# Suche S7 Prüfgestell !!!



## Fa. Röchling - A.Herr (6 Dezember 2007)

Halli hallo,


un zwar. ich suche für unseren betrieb ein S7 prüfgestell. oder eine einrichtung wo man, seine fertigkeiten aus dem S7 grundkurs aufrischen kann. da ich erst auf dem s7 grundkurs bei der Fa. Grollmus + Ripp in Halle war ( sehr zu empfehlen ). und da ich im geschäft keine möglichkeit habe, das von dem kurs anzuwenden. nur eine anlage die mit s7 läuft ( ansonsten s5 , b+r ).

suche ich ein gestell so wie im grundkurs. wo man einfach die dinge wieder aufrischen oder erweitern kann, die man im kurs gelernt oder mitbekommen hat. ich habe die befürchtung. das wenn ich nichts in der richtung üben kann, ich en grossteil wieder vergesse, wenn man nicht die möglichkeit hat regelmäßig zu üben oder mit zu arbeiten.

für vorschlage, anregungen und sonstiges würde ich mich freuen.

gruss Alex


----------



## marlob (6 Dezember 2007)

Wie wir von unseren "Technikern" von DSK gelernt haben,
hat die Firma Köster Schulungsracks im Angebot


----------



## Hermann (7 Dezember 2007)

wenn du zeit hast selbstbauen  dann kannste das einbauen was du haben möchtest/brauchst


----------



## MajorutyOfOne (7 Dezember 2007)

marlob schrieb:


> Wie wir von unseren "Technikern" von DSK gelernt haben,
> hat die Firma Köster Schulungsracks im Angebot


 Was ist eigentlich aus diesen Herren geworden ?


----------



## marlob (7 Dezember 2007)

MajorutyOfOne schrieb:


> Was ist eigentlich aus diesen Herren geworden ?


Ich hoffe mal keine Techniker für Elektrotechnik


----------



## Tobi P. (8 Dezember 2007)

Selbstbau ist ne Idee, habe ich auch gemacht.
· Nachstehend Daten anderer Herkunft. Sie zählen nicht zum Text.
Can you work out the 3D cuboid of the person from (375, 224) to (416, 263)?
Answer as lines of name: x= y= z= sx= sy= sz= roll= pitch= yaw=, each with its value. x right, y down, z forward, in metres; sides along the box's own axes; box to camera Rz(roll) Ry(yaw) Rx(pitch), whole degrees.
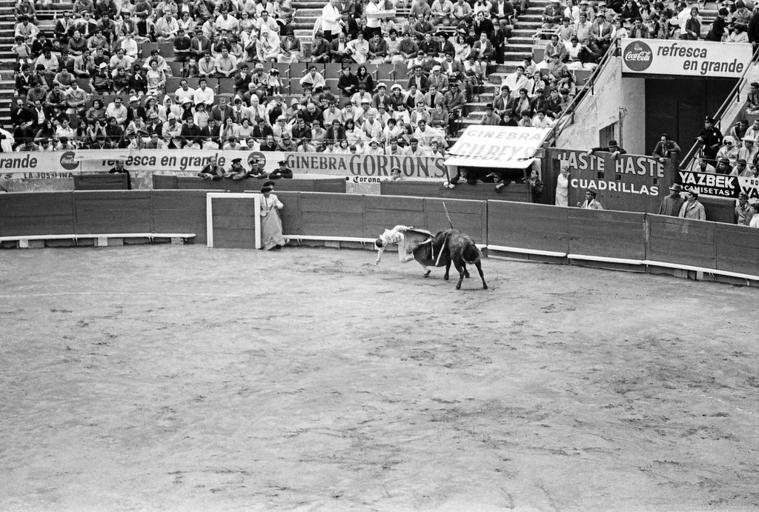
person: x=0.361 y=-0.252 z=27.343 sx=0.835 sy=1.131 sz=1.773 roll=0 pitch=12 yaw=0

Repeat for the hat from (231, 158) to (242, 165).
hat: x=-4.021 y=-2.668 z=33.055 sx=0.229 sy=0.166 sz=0.242 roll=0 pitch=12 yaw=-1

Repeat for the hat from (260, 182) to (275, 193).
hat: x=-2.833 y=-1.739 z=29.735 sx=0.200 sy=0.237 sz=0.370 roll=4 pitch=13 yaw=20

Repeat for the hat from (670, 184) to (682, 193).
hat: x=6.808 y=-1.546 z=26.776 sx=0.235 sy=0.104 sz=0.216 roll=1 pitch=5 yaw=1

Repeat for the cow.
cow: x=1.635 y=0.043 z=25.960 sx=0.659 sy=1.259 sz=1.656 roll=-10 pitch=16 yaw=-36

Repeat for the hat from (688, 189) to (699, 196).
hat: x=7.195 y=-1.448 z=26.703 sx=0.219 sy=0.067 sz=0.149 roll=7 pitch=8 yaw=-6

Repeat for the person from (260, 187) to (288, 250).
person: x=-2.734 y=-1.002 z=29.715 sx=0.612 sy=1.637 sz=0.345 roll=-9 pitch=16 yaw=-33
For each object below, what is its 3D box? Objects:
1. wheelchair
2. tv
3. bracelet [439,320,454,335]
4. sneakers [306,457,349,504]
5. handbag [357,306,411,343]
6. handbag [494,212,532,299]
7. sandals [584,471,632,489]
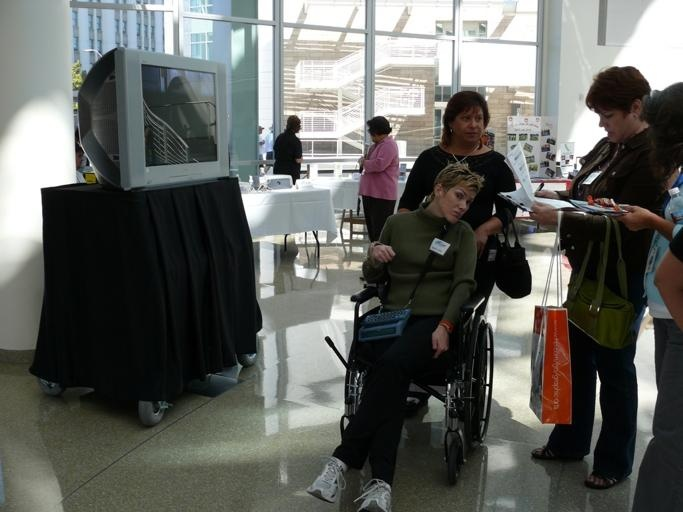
[{"bbox_3d":[0.453,0.495,2.775,0.885,1.070,0.805,0,13,2],"label":"wheelchair"},{"bbox_3d":[-1.121,-0.830,3.289,0.423,0.737,0.843,9,16,25],"label":"tv"},{"bbox_3d":[0.505,0.336,2.573,0.071,0.067,0.075,0,13,1],"label":"bracelet"},{"bbox_3d":[-0.042,0.966,2.368,0.122,0.136,0.310,15,0,15],"label":"sneakers"},{"bbox_3d":[0.234,0.361,2.734,0.338,0.092,0.319,-7,-5,-32],"label":"handbag"},{"bbox_3d":[0.904,0.001,2.769,0.147,0.404,0.263,-15,6,-36],"label":"handbag"},{"bbox_3d":[1.245,1.040,2.557,0.180,0.045,0.077,1,-5,-17],"label":"sandals"}]
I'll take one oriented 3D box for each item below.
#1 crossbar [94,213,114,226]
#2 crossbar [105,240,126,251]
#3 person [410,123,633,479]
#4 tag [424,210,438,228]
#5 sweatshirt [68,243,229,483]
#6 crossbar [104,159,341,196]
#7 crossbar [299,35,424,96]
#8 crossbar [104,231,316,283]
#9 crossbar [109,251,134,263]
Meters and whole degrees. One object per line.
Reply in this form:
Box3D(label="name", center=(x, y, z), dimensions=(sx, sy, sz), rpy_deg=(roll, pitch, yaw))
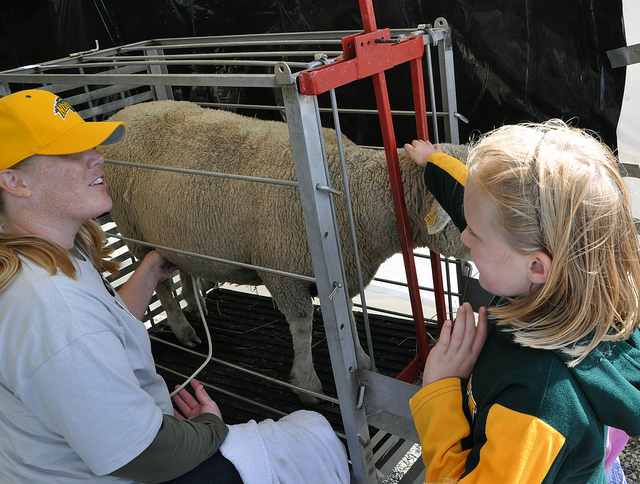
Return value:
Box3D(label="crossbar", center=(-1.389, -0.149, 3.533), dimensions=(0.138, 0.081, 0.050), rpy_deg=(-11, 43, -6))
Box3D(label="crossbar", center=(-1.135, 0.014, 3.033), dimensions=(0.072, 0.040, 0.020), rpy_deg=(-23, 43, 14))
Box3D(label="person", center=(0.506, 0.187, 1.374), dimensions=(0.565, 0.886, 0.464), rpy_deg=(-9, 18, -6))
Box3D(label="tag", center=(0.422, -0.092, 2.089), dimensions=(0.006, 0.076, 0.029), rpy_deg=(-30, 62, -25))
Box3D(label="sweatshirt", center=(-0.522, 0.346, 1.797), dimensions=(0.489, 0.696, 0.239), rpy_deg=(-18, 4, 18))
Box3D(label="crossbar", center=(-0.397, -0.276, 2.304), dimensions=(0.923, 0.051, 0.127), rpy_deg=(12, -6, 32))
Box3D(label="crossbar", center=(0.148, -0.524, 1.633), dimensions=(0.426, 0.099, 0.054), rpy_deg=(-28, 16, -28))
Box3D(label="crossbar", center=(-0.485, 0.060, 2.499), dimensions=(1.105, 0.024, 0.051), rpy_deg=(14, -19, 20))
Box3D(label="crossbar", center=(-1.170, 0.078, 3.190), dimensions=(0.092, 0.025, 0.049), rpy_deg=(-36, -8, -12))
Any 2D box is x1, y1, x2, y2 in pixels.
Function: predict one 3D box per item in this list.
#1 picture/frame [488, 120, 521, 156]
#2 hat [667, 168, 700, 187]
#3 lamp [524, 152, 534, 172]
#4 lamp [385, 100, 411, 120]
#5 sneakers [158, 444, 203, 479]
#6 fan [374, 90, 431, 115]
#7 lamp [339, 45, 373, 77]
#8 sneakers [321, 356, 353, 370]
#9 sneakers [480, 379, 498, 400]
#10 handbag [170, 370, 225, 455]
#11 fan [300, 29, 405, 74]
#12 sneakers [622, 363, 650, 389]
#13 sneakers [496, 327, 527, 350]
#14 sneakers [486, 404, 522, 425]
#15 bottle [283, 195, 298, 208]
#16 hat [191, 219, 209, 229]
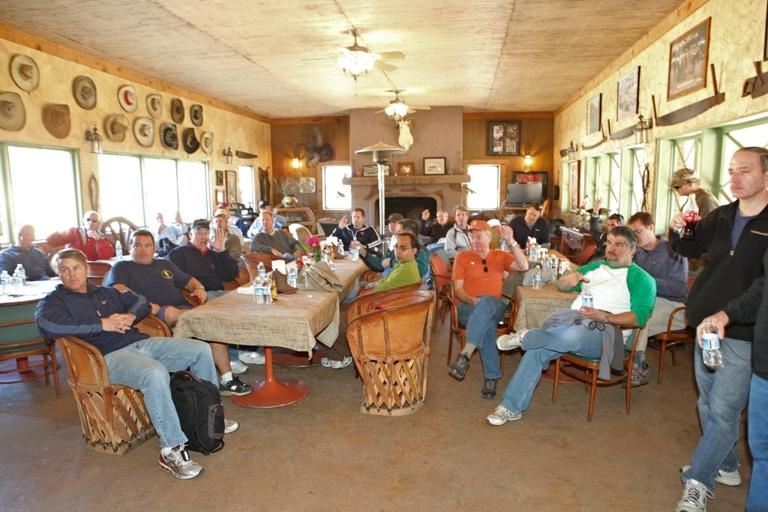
[{"bbox_3d":[3.313,-3.194,14.545,0.081,0.909,0.993,-19,22,-40],"label":"picture/frame"},{"bbox_3d":[3.595,-0.942,6.348,0.269,0.295,0.321,-9,15,-34],"label":"hat"},{"bbox_3d":[3.961,-2.570,14.532,0.274,0.465,0.170,-4,10,-1],"label":"lamp"},{"bbox_3d":[0.297,-2.908,10.421,0.420,0.421,1.191,-3,8,4],"label":"lamp"},{"bbox_3d":[-1.771,1.792,4.672,0.490,0.203,0.198,4,9,36],"label":"sneakers"},{"bbox_3d":[0.429,-3.446,11.830,1.065,0.439,1.188,4,11,36],"label":"fan"},{"bbox_3d":[-0.363,-2.804,7.676,0.479,0.405,0.486,-1,9,19],"label":"lamp"},{"bbox_3d":[-0.576,1.279,6.388,0.267,0.086,0.183,8,2,-3],"label":"sneakers"},{"bbox_3d":[1.122,1.414,5.645,0.116,0.231,0.250,4,8,2],"label":"sneakers"},{"bbox_3d":[-1.706,1.433,4.865,0.467,0.726,0.224,-2,10,12],"label":"handbag"},{"bbox_3d":[-0.407,-2.922,7.796,1.283,0.757,1.063,-3,1,-8],"label":"fan"},{"bbox_3d":[2.674,1.259,5.605,0.142,0.162,0.411,-1,-5,21],"label":"sneakers"},{"bbox_3d":[1.300,0.867,5.457,0.463,0.141,0.170,-12,9,-1],"label":"sneakers"},{"bbox_3d":[1.165,1.569,5.260,0.365,0.146,0.148,1,-1,-13],"label":"sneakers"},{"bbox_3d":[-2.541,-1.493,14.402,0.342,0.360,0.342,3,-2,10],"label":"bottle"},{"bbox_3d":[-2.299,-0.402,6.699,0.179,0.097,0.264,0,4,-32],"label":"hat"}]
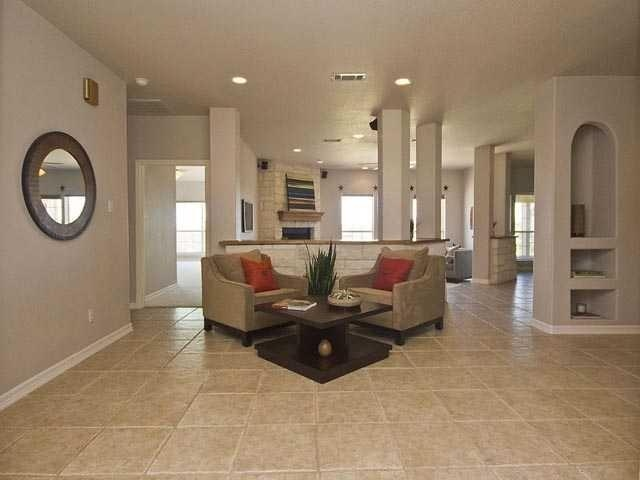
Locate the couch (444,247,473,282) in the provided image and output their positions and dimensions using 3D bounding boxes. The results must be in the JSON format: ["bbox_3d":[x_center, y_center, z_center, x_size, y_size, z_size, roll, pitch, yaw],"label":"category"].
[{"bbox_3d":[2.828,0.500,10.681,0.523,0.627,0.948,-1,3,-35],"label":"couch"}]

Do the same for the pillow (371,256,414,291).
[{"bbox_3d":[0.884,0.396,5.945,0.122,0.404,0.424,33,-16,-34],"label":"pillow"}]

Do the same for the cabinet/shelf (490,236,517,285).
[{"bbox_3d":[3.775,0.432,10.054,0.404,0.911,0.984,-2,-2,37],"label":"cabinet/shelf"}]

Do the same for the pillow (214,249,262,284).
[{"bbox_3d":[-1.074,0.318,5.890,0.399,0.401,0.122,-8,-15,-40],"label":"pillow"}]

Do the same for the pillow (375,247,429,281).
[{"bbox_3d":[1.072,0.298,6.172,0.610,0.504,0.217,0,16,6],"label":"pillow"}]

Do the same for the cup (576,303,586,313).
[{"bbox_3d":[3.219,0.844,6.038,0.104,0.103,0.102,1,1,0],"label":"cup"}]

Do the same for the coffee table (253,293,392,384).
[{"bbox_3d":[0.037,0.966,5.096,1.110,0.600,1.107,-5,7,-43],"label":"coffee table"}]
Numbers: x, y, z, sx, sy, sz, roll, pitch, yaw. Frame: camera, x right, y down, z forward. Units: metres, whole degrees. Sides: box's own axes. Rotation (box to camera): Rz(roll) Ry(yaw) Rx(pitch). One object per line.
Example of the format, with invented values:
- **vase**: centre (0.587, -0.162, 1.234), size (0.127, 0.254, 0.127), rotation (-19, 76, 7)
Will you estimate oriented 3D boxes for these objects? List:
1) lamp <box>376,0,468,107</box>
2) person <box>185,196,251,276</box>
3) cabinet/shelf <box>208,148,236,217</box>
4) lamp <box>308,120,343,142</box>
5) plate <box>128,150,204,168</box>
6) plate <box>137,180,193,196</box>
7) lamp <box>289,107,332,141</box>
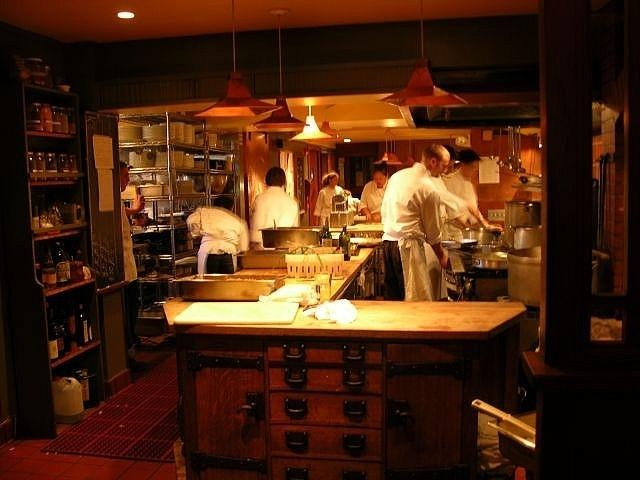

Meine S7 ist zusammen mit jeder Menge Schützen und Koppelrelais auf der Montageplatte eines 500er Rittalschranks aufgebaut, die an einem Gestell aus 40er Bosch-Maschinenbauprofil hängt. Anschluss der Taster, Leuchtmelder etc. erfolgt über Reihenklemmen. Das ganze soll aber eigentlich noch in einen Schaltschrank, bin nur zu faul den zu bestellen.


Gruß Tobi


----------